Director: Pierre Salvadori (After You, The Sandman)
Writers: Benoît Graffin, Pierre Salvadori
Producer: Philippe Martin
Starring: Audrey Tautou, Gad Elmaleh, Marie-Christine Adam, Vernon Dobtcheff
MPAA Rating: PG-13
Running time: 104 min
For those looking for something that’s quality, but still sitting firmly in the world of fluff, you don’t really have to look much further than Priceless. Priceless takes cues from everything from Breakfast at Tiffany’s to Heartbreakers to Dirty Rotten Scoundrels and somewhere caught in the mix is the lovely Audrey Tautou and the comedic Gad Elmaleh.
Tautou plays Irène, a devious, gold digging pseudo-sophisticate playing at older men’s fantasies in order to survive. And by “survive” I mean $600 blouses and $30,000 bracelets to wear to a dinner that costs more than the GDP of a third world country. Jean (Elmaleh) is a bellhop/bartender at a
French hotel; and while he isn’t starving, he’s not exactly making ends meet. When Irène confuses Jean for a wealthy business tycoon, he plays the charade as long as he can and milks it until she discovers he’s a nothing. After she leaves, Jean does everything in his power to win her back; going so far as to stooping to her level and running the same scheme she does. At one point, the two actually trade secret strategies as how to get what you want from the rich.
Tautou has really shed her sweet girl persona for this role.
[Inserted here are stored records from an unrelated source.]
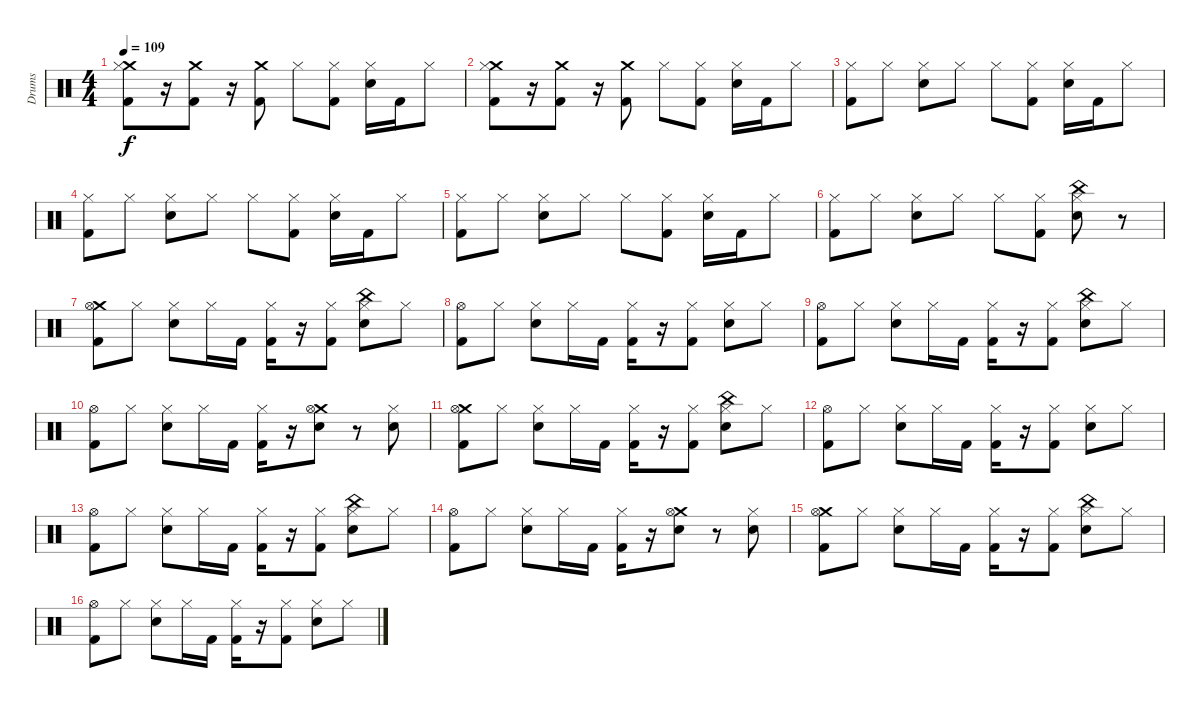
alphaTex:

\track ("Drums" "Drums") {instrument percussion}
\staff {score}
\articulation defaults
\ts (4 4)
\tempo 109
\clef neutral
\ks c
("Crash medium (hit)" "Hi-Hat (closed)" "Kick (hit) 2").8{dy f} r.16 ("Crash medium (hit)" "Kick (hit) 2").8 r.16 ("Crash medium (hit)" "Kick (hit) 2").8 "Hi-Hat (closed)".8 ("Hi-Hat (closed)" "Kick (hit) 2").8 ("Hi-Hat (closed)" "Snare (hit) 2").16 "Kick (hit) 2".16 "Hi-Hat (closed)".8 |
("Crash medium (hit)" "Hi-Hat (closed)" "Kick (hit) 2").8 r.16 ("Crash medium (hit)" "Kick (hit) 2").8 r.16 ("Crash medium (hit)" "Kick (hit) 2").8 "Hi-Hat (closed)".8 ("Hi-Hat (closed)" "Kick (hit) 2").8 ("Hi-Hat (closed)" "Snare (hit) 2").16 "Kick (hit) 2".16 "Hi-Hat (closed)".8 |
("Hi-Hat (closed)" "Kick (hit) 2").8 "Hi-Hat (closed)".8 ("Hi-Hat (closed)" "Snare (hit) 2").8 "Hi-Hat (closed)".8 "Hi-Hat (closed)".8 ("Hi-Hat (closed)" "Kick (hit) 2").8 ("Hi-Hat (closed)" "Snare (hit) 2").16 "Kick (hit) 2".16 "Hi-Hat (closed)".8 |
("Hi-Hat (closed)" "Kick (hit) 2").8 "Hi-Hat (closed)".8 ("Hi-Hat (closed)" "Snare (hit) 2").8 "Hi-Hat (closed)".8 "Hi-Hat (closed)".8 ("Hi-Hat (closed)" "Kick (hit) 2").8 ("Hi-Hat (closed)" "Snare (hit) 2").16 "Kick (hit) 2".16 "Hi-Hat (closed)".8 |
("Hi-Hat (closed)" "Kick (hit) 2").8 "Hi-Hat (closed)".8 ("Hi-Hat (closed)" "Snare (hit) 2").8 "Hi-Hat (closed)".8 "Hi-Hat (closed)".8 ("Hi-Hat (closed)" "Kick (hit) 2").8 ("Hi-Hat (closed)" "Snare (hit) 2").16 "Kick (hit) 2".16 "Hi-Hat (closed)".8 |
("Hi-Hat (closed)" "Kick (hit) 2").8 "Hi-Hat (closed)".8 ("Hi-Hat (closed)" "Snare (hit) 2").8 "Hi-Hat (closed)".8 "Hi-Hat (closed)".8 ("Hi-Hat (closed)" "Kick (hit) 2").8 ("China (hit)" "Hi-Hat (closed)" "Snare (hit) 2").8 r.8 |
("Crash medium (hit)" "Hi-Hat (open)" "Kick (hit) 2").8 "Hi-Hat (closed)".8 ("Hi-Hat (closed)" "Snare (hit) 2").8 "Hi-Hat (closed)".16 "Kick (hit) 2".16 ("Hi-Hat (closed)" "Kick (hit) 2").16 r.16 ("Hi-Hat (closed)" "Kick (hit) 2").8 ("China (hit)" "Hi-Hat (closed)" "Snare (hit) 2").8 "Hi-Hat (closed)".8 |
("Hi-Hat (open)" "Kick (hit) 2").8 "Hi-Hat (closed)".8 ("Hi-Hat (closed)" "Snare (hit) 2").8 "Hi-Hat (closed)".16 "Kick (hit) 2".16 ("Hi-Hat (closed)" "Kick (hit) 2").16 r.16 ("Hi-Hat (closed)" "Kick (hit) 2").8 ("Hi-Hat (closed)" "Snare (hit) 2").8 "Hi-Hat (closed)".8 |
("Hi-Hat (open)" "Kick (hit) 2").8 "Hi-Hat (closed)".8 ("Hi-Hat (closed)" "Snare (hit) 2").8 "Hi-Hat (closed)".16 "Kick (hit) 2".16 ("Hi-Hat (closed)" "Kick (hit) 2").16 r.16 ("Hi-Hat (closed)" "Kick (hit) 2").8 ("China (hit)" "Hi-Hat (closed)" "Snare (hit) 2").8 "Hi-Hat (closed)".8 |
("Hi-Hat (open)" "Kick (hit) 2").8 "Hi-Hat (closed)".8 ("Hi-Hat (closed)" "Snare (hit) 2").8 "Hi-Hat (closed)".16 "Kick (hit) 2".16 ("Hi-Hat (closed)" "Kick (hit) 2").16 r.16 ("Crash medium (hit)" "Hi-Hat (open)" "Snare (hit) 2").8 r.8 ("Snare (hit) 2" "Hi-Hat (closed)").8 |
("Crash medium (hit)" "Hi-Hat (open)" "Kick (hit) 2").8 "Hi-Hat (closed)".8 ("Hi-Hat (closed)" "Snare (hit) 2").8 "Hi-Hat (closed)".16 "Kick (hit) 2".16 ("Hi-Hat (closed)" "Kick (hit) 2").16 r.16 ("Hi-Hat (closed)" "Kick (hit) 2").8 ("China (hit)" "Hi-Hat (closed)" "Snare (hit) 2").8 "Hi-Hat (closed)".8 |
("Hi-Hat (open)" "Kick (hit) 2").8 "Hi-Hat (closed)".8 ("Hi-Hat (closed)" "Snare (hit) 2").8 "Hi-Hat (closed)".16 "Kick (hit) 2".16 ("Hi-Hat (closed)" "Kick (hit) 2").16 r.16 ("Hi-Hat (closed)" "Kick (hit) 2").8 ("Hi-Hat (closed)" "Snare (hit) 2").8 "Hi-Hat (closed)".8 |
("Hi-Hat (open)" "Kick (hit) 2").8 "Hi-Hat (closed)".8 ("Hi-Hat (closed)" "Snare (hit) 2").8 "Hi-Hat (closed)".16 "Kick (hit) 2".16 ("Hi-Hat (closed)" "Kick (hit) 2").16 r.16 ("Hi-Hat (closed)" "Kick (hit) 2").8 ("China (hit)" "Hi-Hat (closed)" "Snare (hit) 2").8 "Hi-Hat (closed)".8 |
("Hi-Hat (open)" "Kick (hit) 2").8 "Hi-Hat (closed)".8 ("Hi-Hat (closed)" "Snare (hit) 2").8 "Hi-Hat (closed)".16 "Kick (hit) 2".16 ("Hi-Hat (closed)" "Kick (hit) 2").16 r.16 ("Crash medium (hit)" "Hi-Hat (open)" "Snare (hit) 2").8 r.8 ("Snare (hit) 2" "Hi-Hat (closed)").8 |
("Crash medium (hit)" "Hi-Hat (open)" "Kick (hit) 2").8 "Hi-Hat (closed)".8 ("Hi-Hat (closed)" "Snare (hit) 2").8 "Hi-Hat (closed)".16 "Kick (hit) 2".16 ("Hi-Hat (closed)" "Kick (hit) 2").16 r.16 ("Hi-Hat (closed)" "Kick (hit) 2").8 ("China (hit)" "Hi-Hat (closed)" "Snare (hit) 2").8 "Hi-Hat (closed)".8 |
("Hi-Hat (open)" "Kick (hit) 2").8 "Hi-Hat (closed)".8 ("Hi-Hat (closed)" "Snare (hit) 2").8 "Hi-Hat (closed)".16 "Kick (hit) 2".16 ("Hi-Hat (closed)" "Kick (hit) 2").16 r.16 ("Hi-Hat (closed)" "Kick (hit) 2").8 ("Hi-Hat (closed)" "Snare (hit) 2").8 "Hi-Hat (closed)".8

Yes, she’s still gorgeous (maybe more gorgeous than she’s ever looked), but for most of this picture, she’s become a vixen in disguise; a thoroughly unlikeable character that one wonders if the scenario that unfolds is even particularly believable. Why would someone as nice and charming as Jean, be willing to do nearly anything to have this despicable woman? But she’s really pretty and she’s already seduced him once, so we just go with it.
While Tautou is the name of the show, Elmaleh has the difficult task of providing comedic relief in the lead role; while at the same time being believable and empathetic. While the humor here is very low key and relies mostly on uncomfortable moments and gimmicky physical comedy, Elmaleh pulls off the job fairly well in a “doofus with a heart of gold” kind of way. Not a whole lot of belly laughs to be found, but enough chuckles to keep the story lighthearted and the characters from becoming completely loathsome.
The main problem with the movie is its run-of-the-mill dryness. While it is glitzy at times and quirky fun at others, it’s obvious from second one where the story is going to end up. Just from the trailer I knew that I had already seen the movie basically in its entirety. Still, there’s something about a little fluff on a weeknight to clear the head and provide for some mental health… and quite honestly the eye candy doesn’t hurt either.
Which leads us to the PG-13 rating. The film takes very few chances and in fact, mostly steers far and clear from the bedroom. Aside from a nipple slip here and there and several side boob shots, this is about as clean as it can get for a romantic comedy about sleazing (for lack of a better term) for monetary compensation.
So while the story is a bit pretentious, cliched and predictable as you can get, there’s something to be said for the appearance of a throw-back to the golden age of Hollywood in which actors like Hepburn and Jimmy Stewart reigned supreme. And that’s just the sort of vibe something as charming as Priceless presents itself as.